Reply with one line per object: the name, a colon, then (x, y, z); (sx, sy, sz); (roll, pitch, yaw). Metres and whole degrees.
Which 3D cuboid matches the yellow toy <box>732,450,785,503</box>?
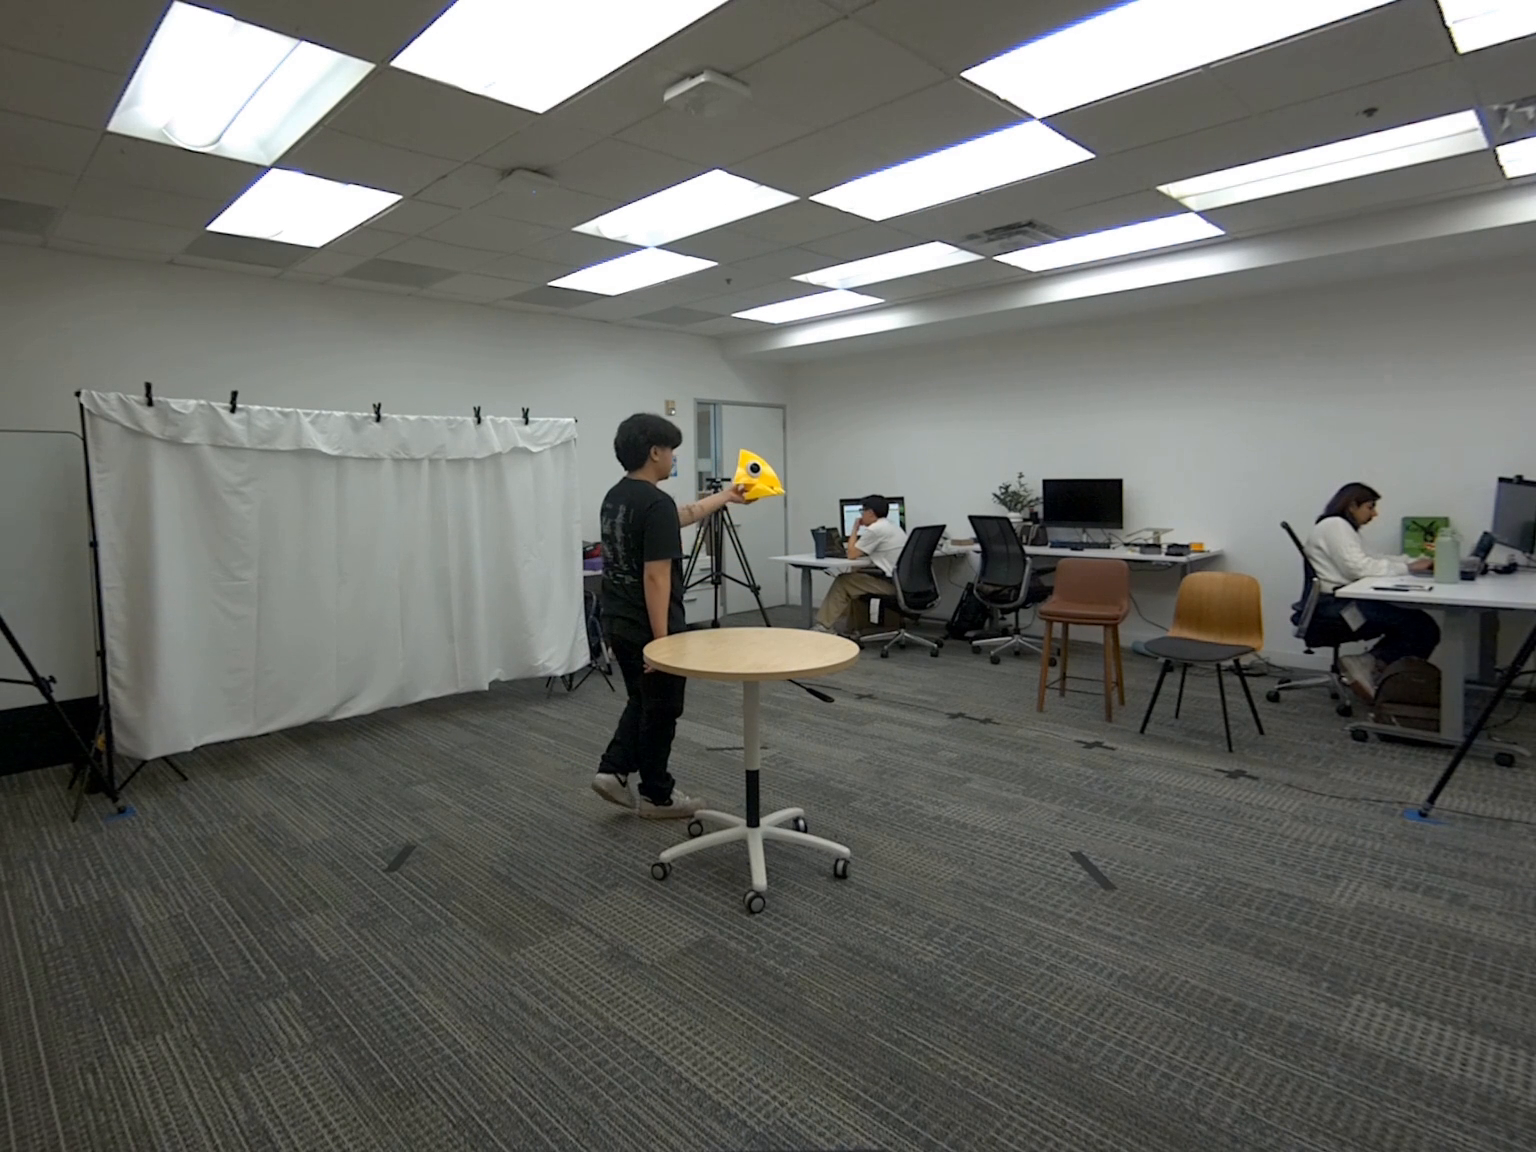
yellow toy: (-0.045, -0.469, 3.831); (0.196, 0.231, 0.201); (-9, 0, 20)

*Directions for this task:*
Apart from the pictures, repeat the data above exactly.

*Written answer:*
Reply with one line per object: the name, a colon, then (x, y, z); (sx, sy, sz); (roll, pitch, yaw). Metres and whole degrees.
Which 3D cuboid matches the yellow toy <box>732,450,785,503</box>?
yellow toy: (-0.045, -0.469, 3.831); (0.196, 0.231, 0.201); (-9, 0, 20)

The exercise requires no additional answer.